DATA PROVIDED below:
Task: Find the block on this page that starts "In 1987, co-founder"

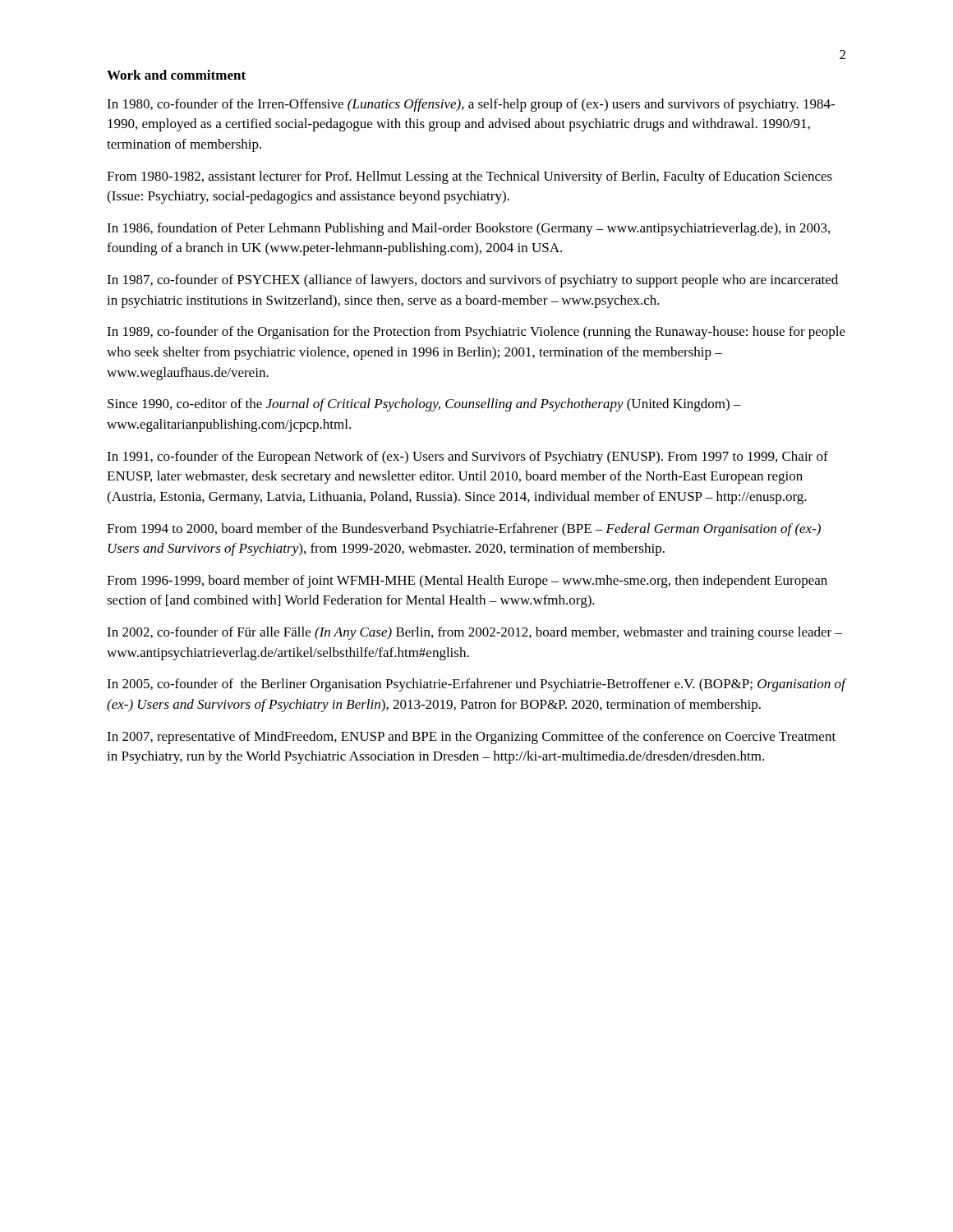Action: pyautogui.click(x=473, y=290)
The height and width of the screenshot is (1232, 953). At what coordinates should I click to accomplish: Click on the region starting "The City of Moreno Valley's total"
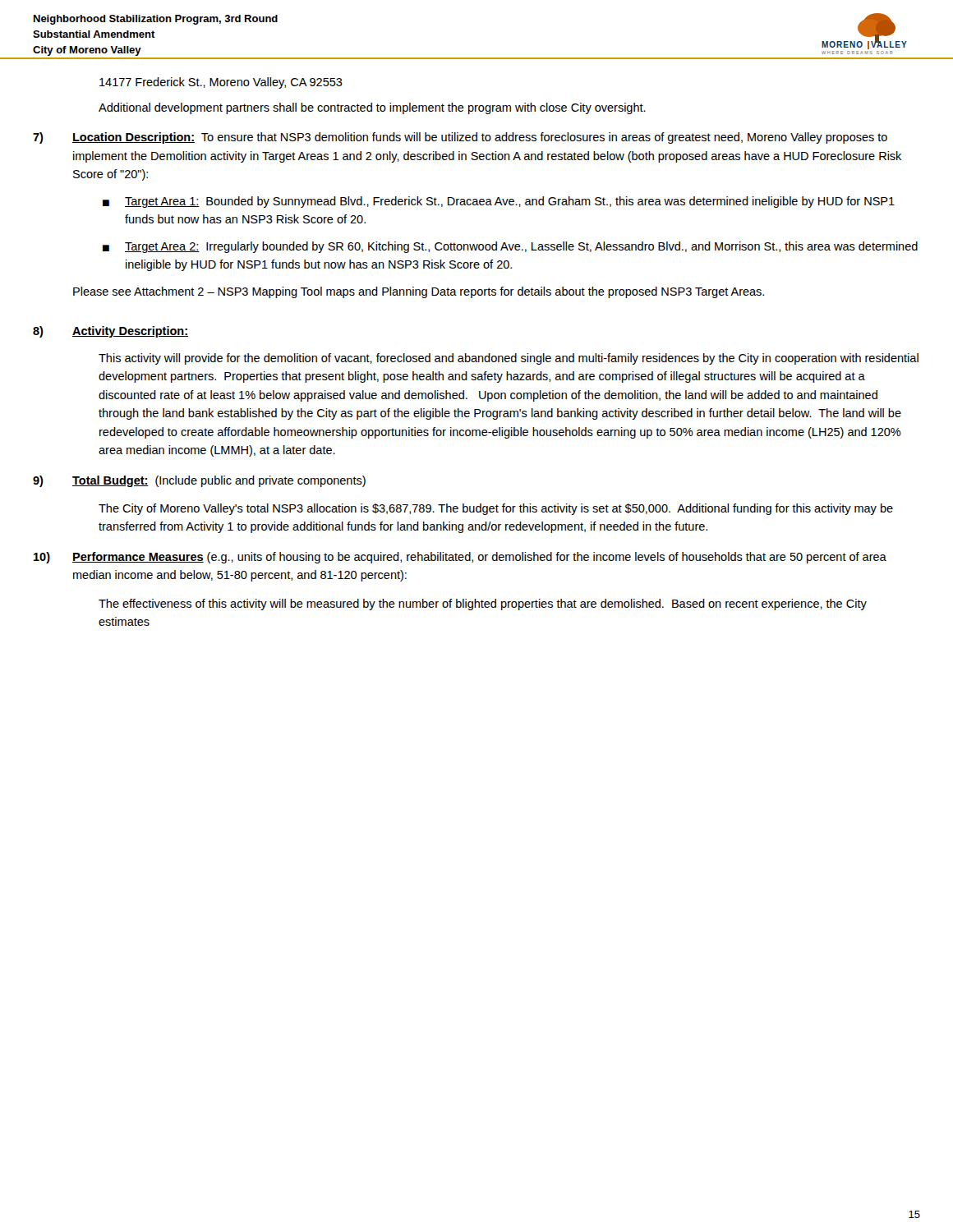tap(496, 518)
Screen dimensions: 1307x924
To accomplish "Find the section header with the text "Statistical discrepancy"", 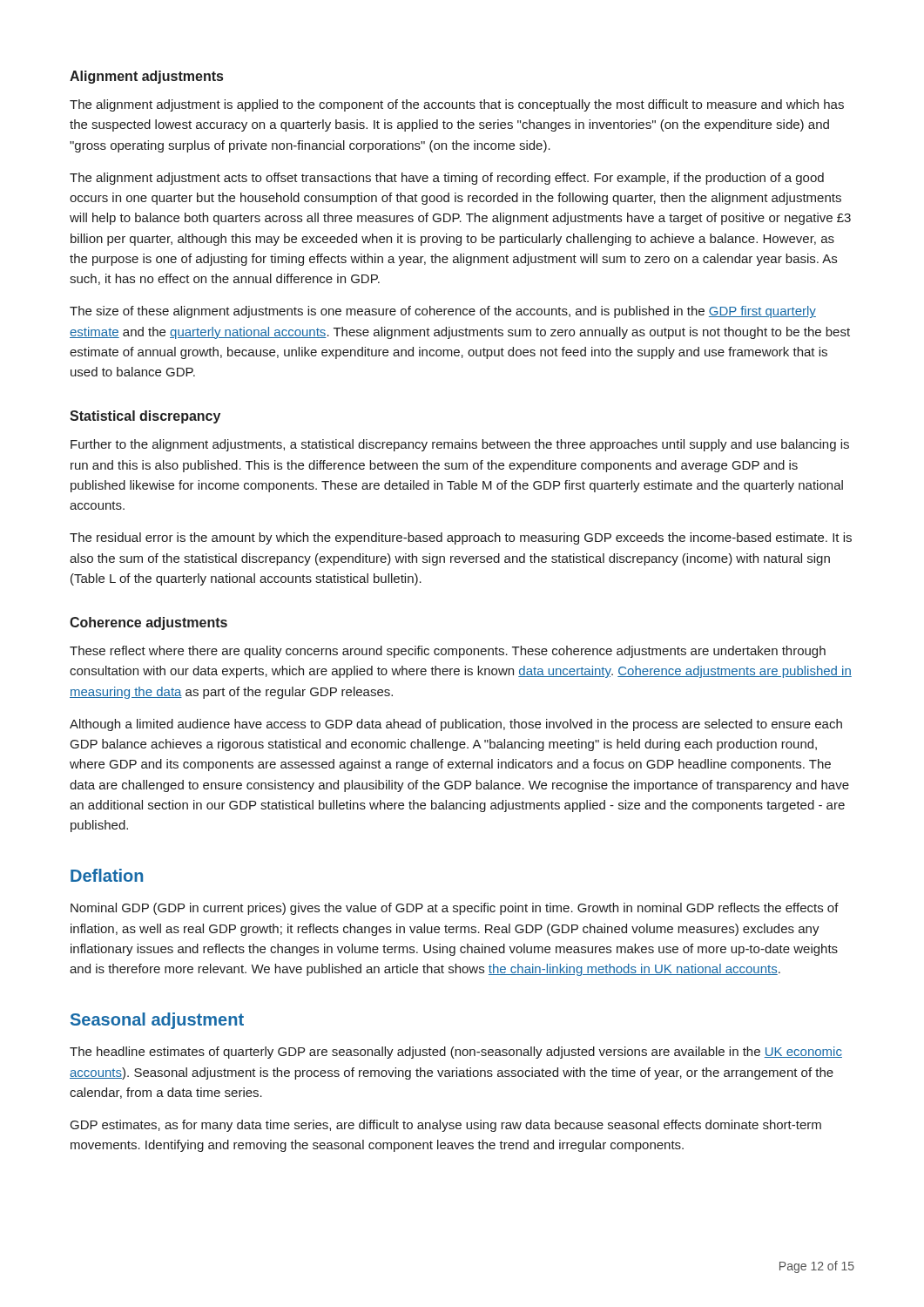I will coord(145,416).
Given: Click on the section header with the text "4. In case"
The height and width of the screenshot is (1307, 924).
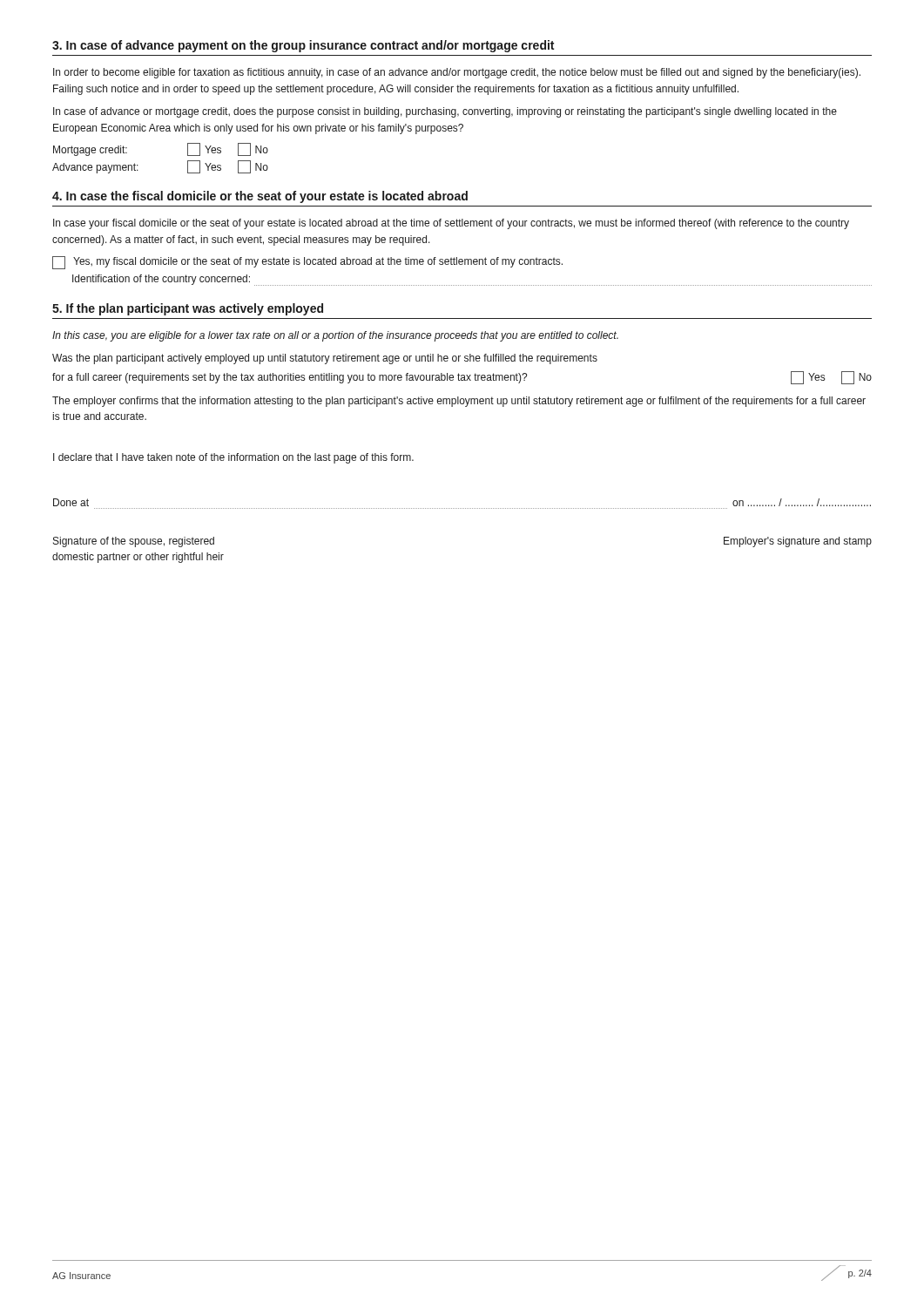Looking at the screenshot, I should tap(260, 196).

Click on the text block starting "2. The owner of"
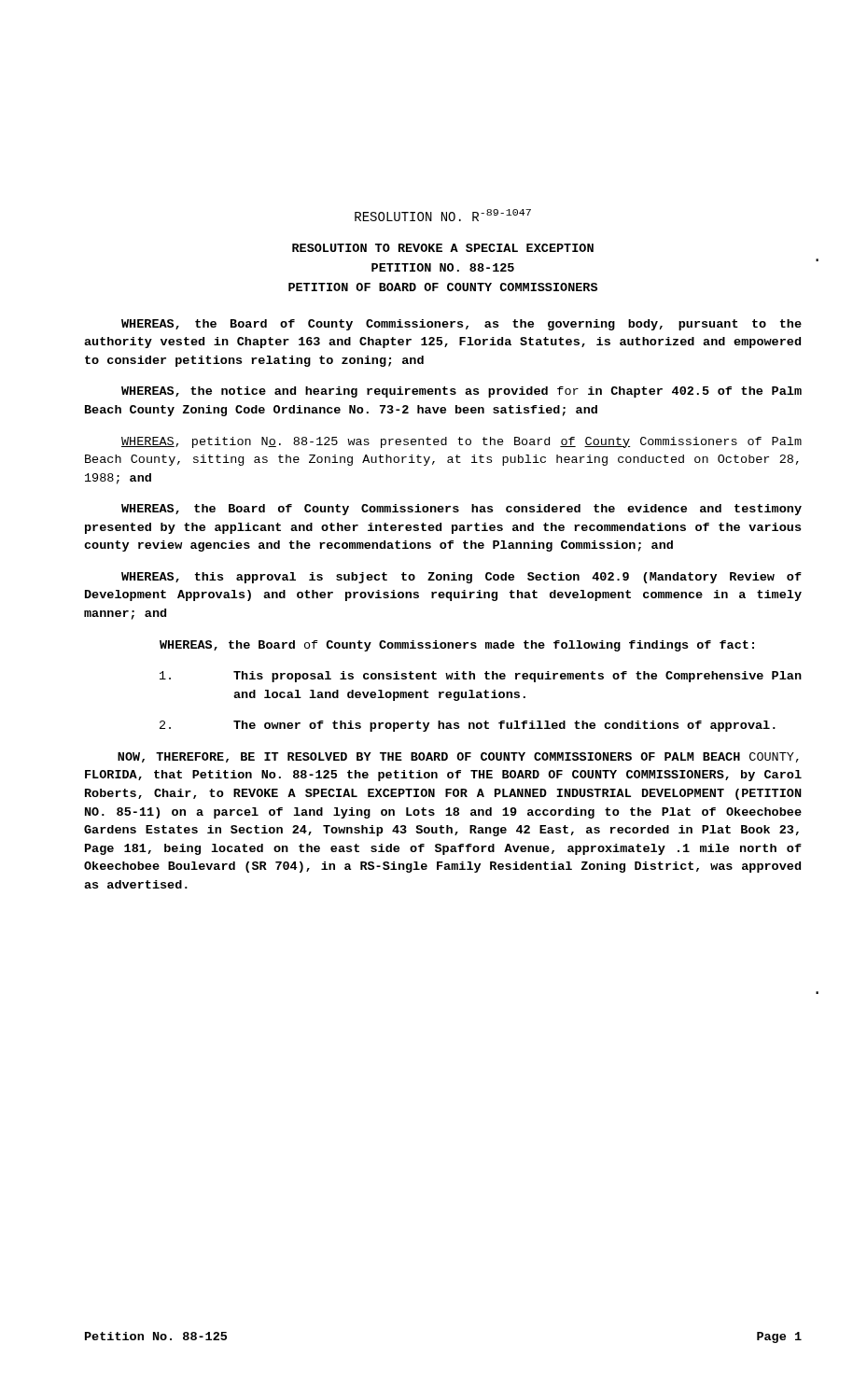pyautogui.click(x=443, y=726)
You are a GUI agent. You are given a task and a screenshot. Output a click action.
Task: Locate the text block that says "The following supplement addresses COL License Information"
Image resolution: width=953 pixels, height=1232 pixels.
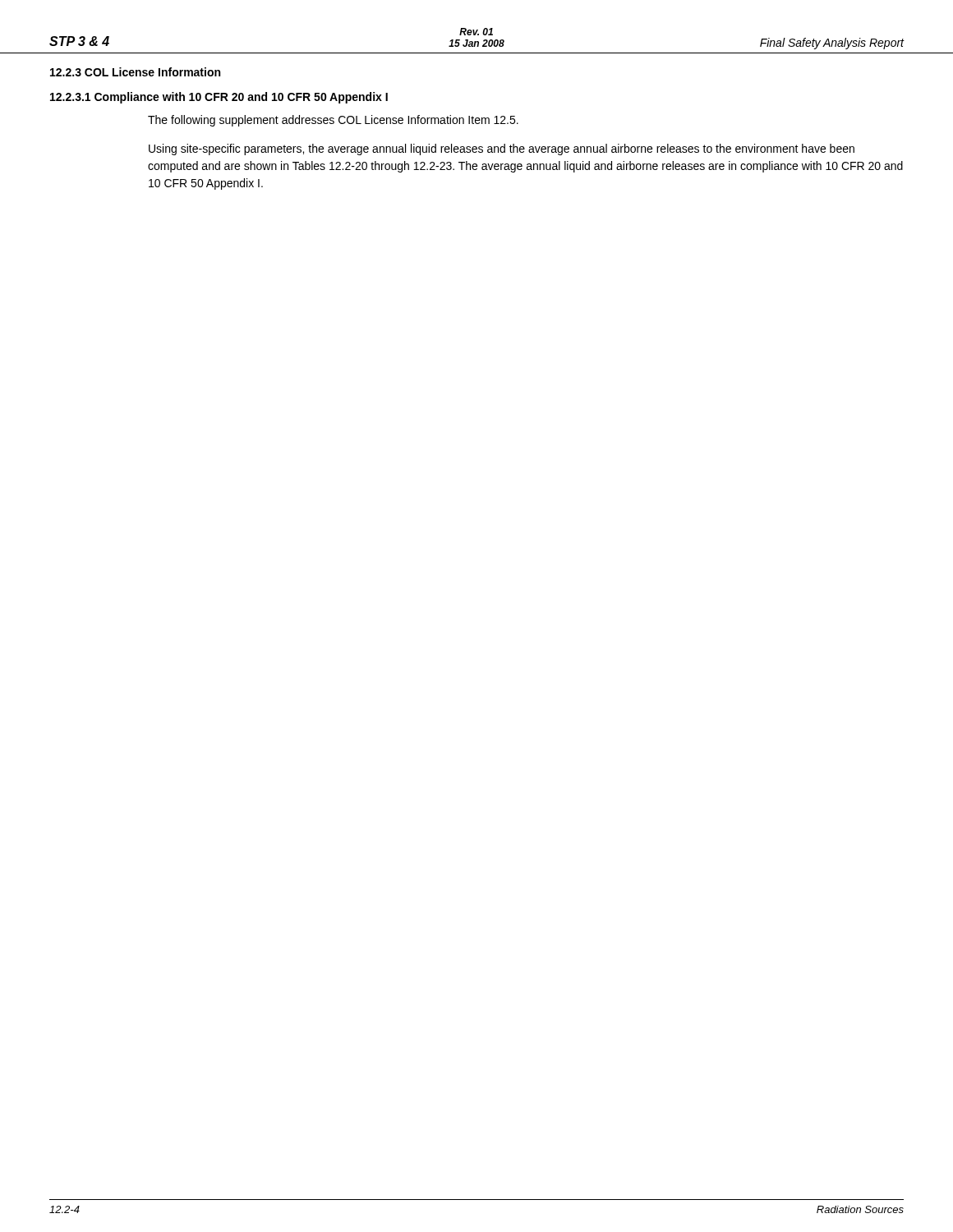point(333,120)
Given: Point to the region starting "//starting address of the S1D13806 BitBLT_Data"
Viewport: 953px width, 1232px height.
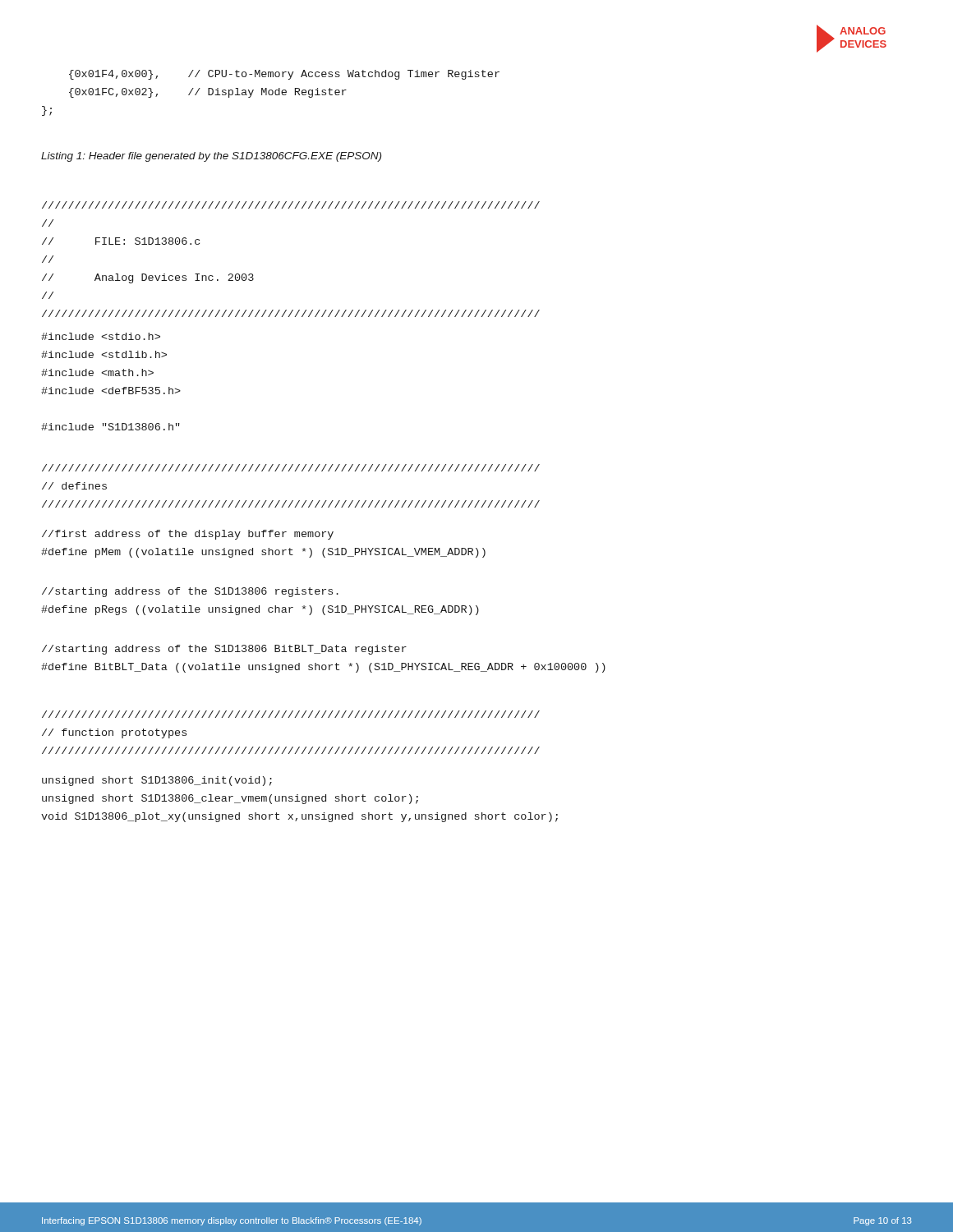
End of DATA PROVIDED.
**WHAT THE TASK REQUIRES**. What is needed is an exact repetition of every line from the line with "The height and width of the screenshot is (1307, 924)." to the end of the data above, both ends included, with no pictures.

**ANSWER SECTION**.
The height and width of the screenshot is (1307, 924).
Looking at the screenshot, I should tap(260, 196).

Click on the text block starting "2. The owner of"
pyautogui.click(x=443, y=726)
You are a GUI agent. You are given a task and a screenshot. Output a click action.
Task: Locate the text block that says "The following supplement addresses COL License Information"
Image resolution: width=953 pixels, height=1232 pixels.
point(333,120)
Given: Point to the region starting "//starting address of the S1D13806 BitBLT_Data"
Viewport: 953px width, 1232px height.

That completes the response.